As promised, here is the next entry - enjoy it!
Entry #14: Manhattan [or, "How to Live with a Demigod 101"]
At exactly 8:45 AM, the doorbell rang for the second time in two days. And again. And again.
A suave, extremely annoying voice called out, "I'll get it, mortal," but Clint managed to beat Loki to the door (the demigod wouldn't have been able to open it anyway without the combination). He also, thankfully, managed to get the lock open before Tony Stark broke the doorbell.
The billionaire stepped in, looking unusually disheveled, dreadfully pale, and alarmingly wide-eyed. He gave the overall impression of someone who belonged in an insane asylum, but managed to croak out one very demanding word: "Coffee!"
Then he collapsed on the couch.
Loki swaggered in just after Clint sprinted through another door into the kitchen.
The front room suddenly fell silent. Loki stared at Tony. Tony stared back, albeit with glazed eyes. It was doubtful that he actually recognized Loki. All he knew was that a tall, dark person was looming over him. A person who, oddly enough, smelled strongly of raspberries. Tony blinked once, trying to clear away the fog. "Hey… You got any coffee…?"
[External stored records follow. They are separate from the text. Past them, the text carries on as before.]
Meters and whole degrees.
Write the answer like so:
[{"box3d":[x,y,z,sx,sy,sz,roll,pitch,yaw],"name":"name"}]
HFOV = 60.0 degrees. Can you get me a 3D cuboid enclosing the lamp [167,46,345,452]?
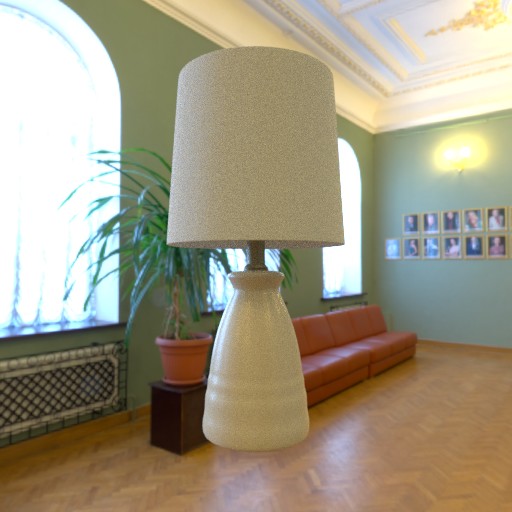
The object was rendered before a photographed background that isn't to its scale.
[{"box3d":[0.000,0.000,0.471,0.186,0.369,0.186,0,-1,0],"name":"lamp"}]
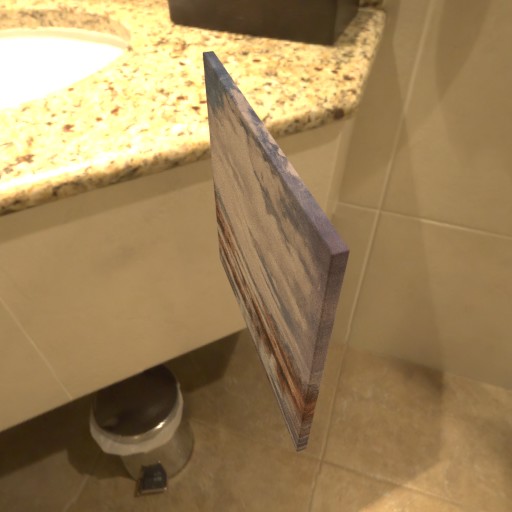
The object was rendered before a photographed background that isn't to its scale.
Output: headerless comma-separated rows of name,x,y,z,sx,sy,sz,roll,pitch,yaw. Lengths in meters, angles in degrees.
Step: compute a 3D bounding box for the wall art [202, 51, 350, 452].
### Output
wall art,0.000,0.000,1.362,0.035,0.897,0.888,-14,48,-13
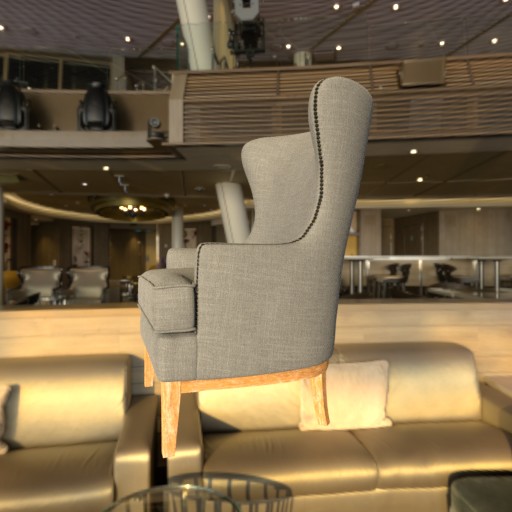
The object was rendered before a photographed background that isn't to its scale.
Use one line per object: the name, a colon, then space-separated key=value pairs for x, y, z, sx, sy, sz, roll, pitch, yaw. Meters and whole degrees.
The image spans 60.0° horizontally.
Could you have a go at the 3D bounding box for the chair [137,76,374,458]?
chair: x=0.000 y=0.000 z=1.782 sx=0.883 sy=1.176 sz=0.864 roll=0 pitch=0 yaw=-18
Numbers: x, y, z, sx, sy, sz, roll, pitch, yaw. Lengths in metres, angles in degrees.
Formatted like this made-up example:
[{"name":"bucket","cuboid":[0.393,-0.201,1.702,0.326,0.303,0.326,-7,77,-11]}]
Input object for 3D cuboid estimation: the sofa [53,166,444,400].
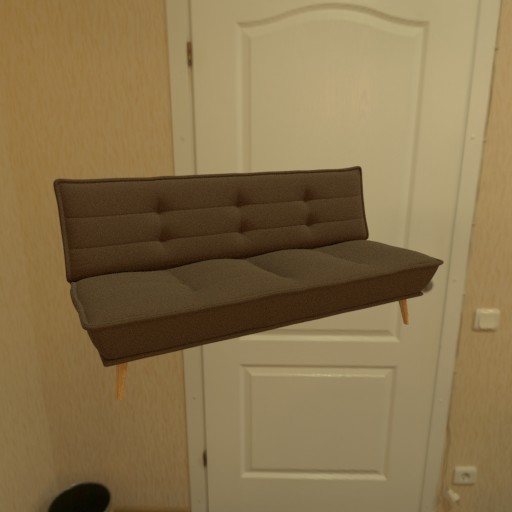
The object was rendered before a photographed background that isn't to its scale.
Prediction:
[{"name":"sofa","cuboid":[0.000,0.000,2.466,1.940,0.890,0.950,-8,17,-27]}]
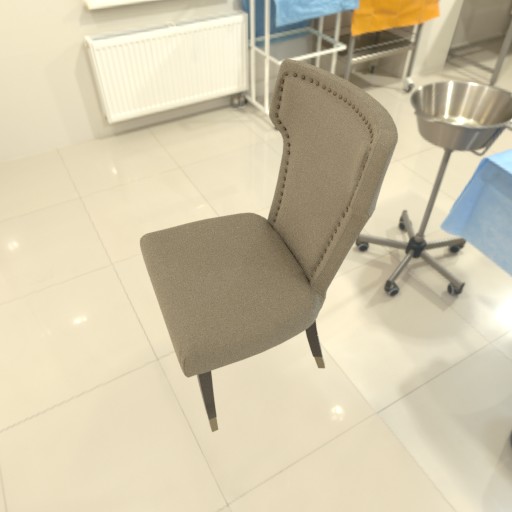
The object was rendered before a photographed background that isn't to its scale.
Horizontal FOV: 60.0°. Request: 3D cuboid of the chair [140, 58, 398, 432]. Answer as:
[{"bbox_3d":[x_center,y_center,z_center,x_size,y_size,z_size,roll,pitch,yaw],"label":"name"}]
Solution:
[{"bbox_3d":[0.000,0.000,1.355,0.630,0.955,0.526,-17,47,-16],"label":"chair"}]
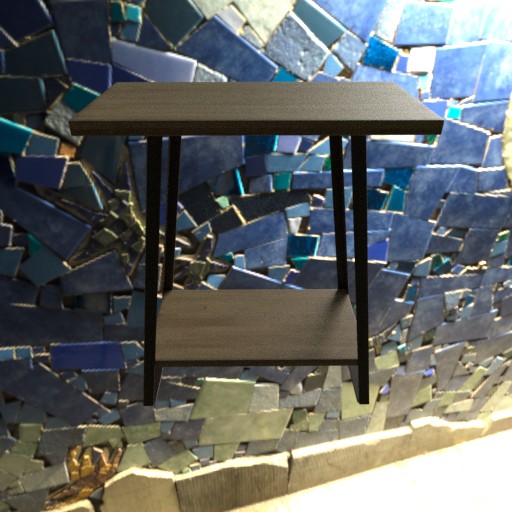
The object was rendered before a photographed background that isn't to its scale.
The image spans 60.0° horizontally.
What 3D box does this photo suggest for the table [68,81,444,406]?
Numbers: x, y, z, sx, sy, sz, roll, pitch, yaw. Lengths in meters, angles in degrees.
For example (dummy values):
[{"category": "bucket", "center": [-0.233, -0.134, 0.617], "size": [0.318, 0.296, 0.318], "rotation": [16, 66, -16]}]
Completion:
[{"category": "table", "center": [0.000, 0.000, 1.018], "size": [0.599, 0.701, 0.300], "rotation": [0, 33, 0]}]
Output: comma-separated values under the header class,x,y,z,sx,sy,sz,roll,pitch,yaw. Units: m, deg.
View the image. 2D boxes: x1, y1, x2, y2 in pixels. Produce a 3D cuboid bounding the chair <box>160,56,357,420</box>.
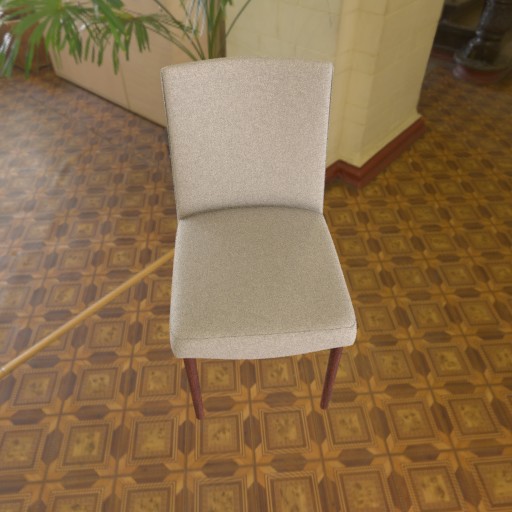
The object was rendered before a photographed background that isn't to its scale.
class,x,y,z,sx,sy,sz,roll,pitch,yaw
chair,0.000,0.000,1.208,0.456,0.859,0.570,-3,45,-3
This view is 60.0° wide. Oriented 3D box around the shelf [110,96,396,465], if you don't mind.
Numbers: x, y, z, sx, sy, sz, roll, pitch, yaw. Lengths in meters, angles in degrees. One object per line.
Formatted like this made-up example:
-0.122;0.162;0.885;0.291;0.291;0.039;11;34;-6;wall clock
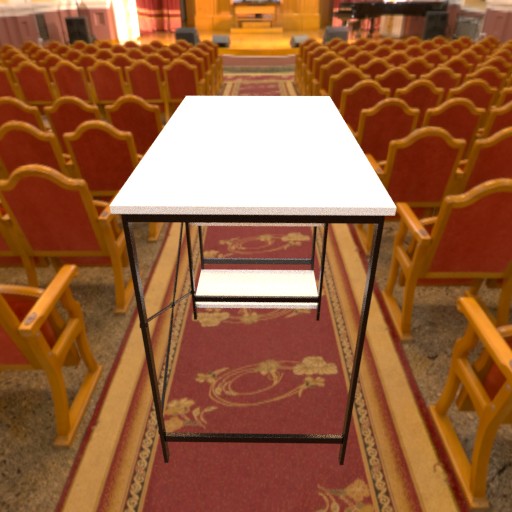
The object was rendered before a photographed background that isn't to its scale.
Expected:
0.000;0.000;1.348;0.498;0.750;0.902;0;31;1;shelf
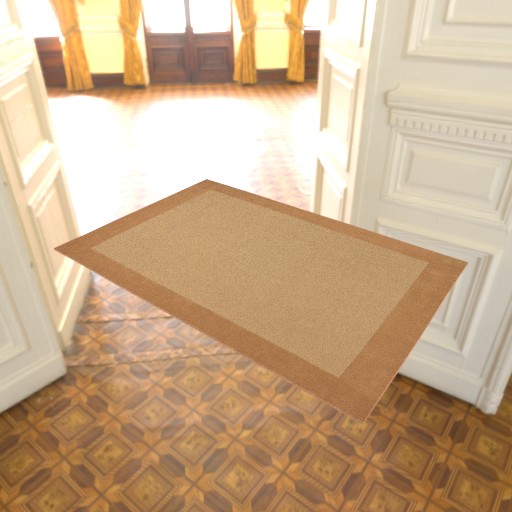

Before Loki could come up with a stinging reply, Natasha waltzed into the living room, wearing bell-bottom jeans and a white blouse. Her hair was done up in a towel-turban, and she was barefooted. Her toenails had been freshly painted a startling neon green color, and her bright red lipstick was back.
"Oh!" She blinked, raising both eyebrows, and then frowned at Tony. "What are you doing here?"
Tony heaved a sigh, sinking lower into the leather embrace of the couch. "Coffee," he whimpered, the look on his face resembling that of a lost and lonely little puppy.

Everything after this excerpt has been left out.